见状,朱由校也没奢望他们回答,接着说道:“既然你们觉得这个问题太难,那朕问的再简单一点。士兵们身上的铠甲,兵器,用料几何?需几人几时几钱打造?”
......
士子们:咱们还是继续聊膳食问题吧!
朱由校此刻再也无法抑制内心的愤怒,他瞪大双眼,满脸涨得通红,扯着嗓子大声怒吼道:“栋梁们,你们给朕听好了!这杂役营日常每日都需要预备 300 石的主粮,100 石的蔬菜以及 100 石的肉类。

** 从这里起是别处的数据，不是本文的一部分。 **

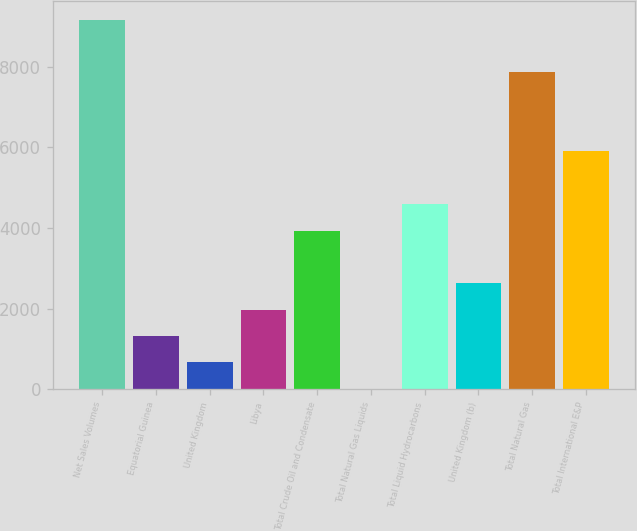Convert chart. <chart><loc_0><loc_0><loc_500><loc_500><bar_chart><fcel>Net Sales Volumes<fcel>Equatorial Guinea<fcel>United Kingdom<fcel>Libya<fcel>Total Crude Oil and Condensate<fcel>Total Natural Gas Liquids<fcel>Total Liquid Hydrocarbons<fcel>United Kingdom (b)<fcel>Total Natural Gas<fcel>Total International E&P<nl><fcel>9162.4<fcel>1319.2<fcel>665.6<fcel>1972.8<fcel>3933.6<fcel>12<fcel>4587.2<fcel>2626.4<fcel>7855.2<fcel>5894.4<nl></chart>

而一旦到了战时,这些数量更是要翻倍还不止呢!还有,你们可知晓,一匹战马的生活开销竟然相当于三名普通士兵的花费!更不用说一名火枪兵所配备的装备,其价值足以买下江南一亩肥沃的良田呐!至于朕为何能如此了解这些情况?那是因为新军的军制、装备等方方面面,皆是由朕亲自参与拟定和筹谋规划而成的。并且,只要朝廷之中没有什么重大事务缠身,朕都会亲赴营地,与那些将士们一同接受训练。唯有亲身经历、切实地去践行,你们才能够真正领悟到‘知’和‘行’最为本质的内涵究竟意味着什么。切记啊!实践乃是检验真理的唯一标准!”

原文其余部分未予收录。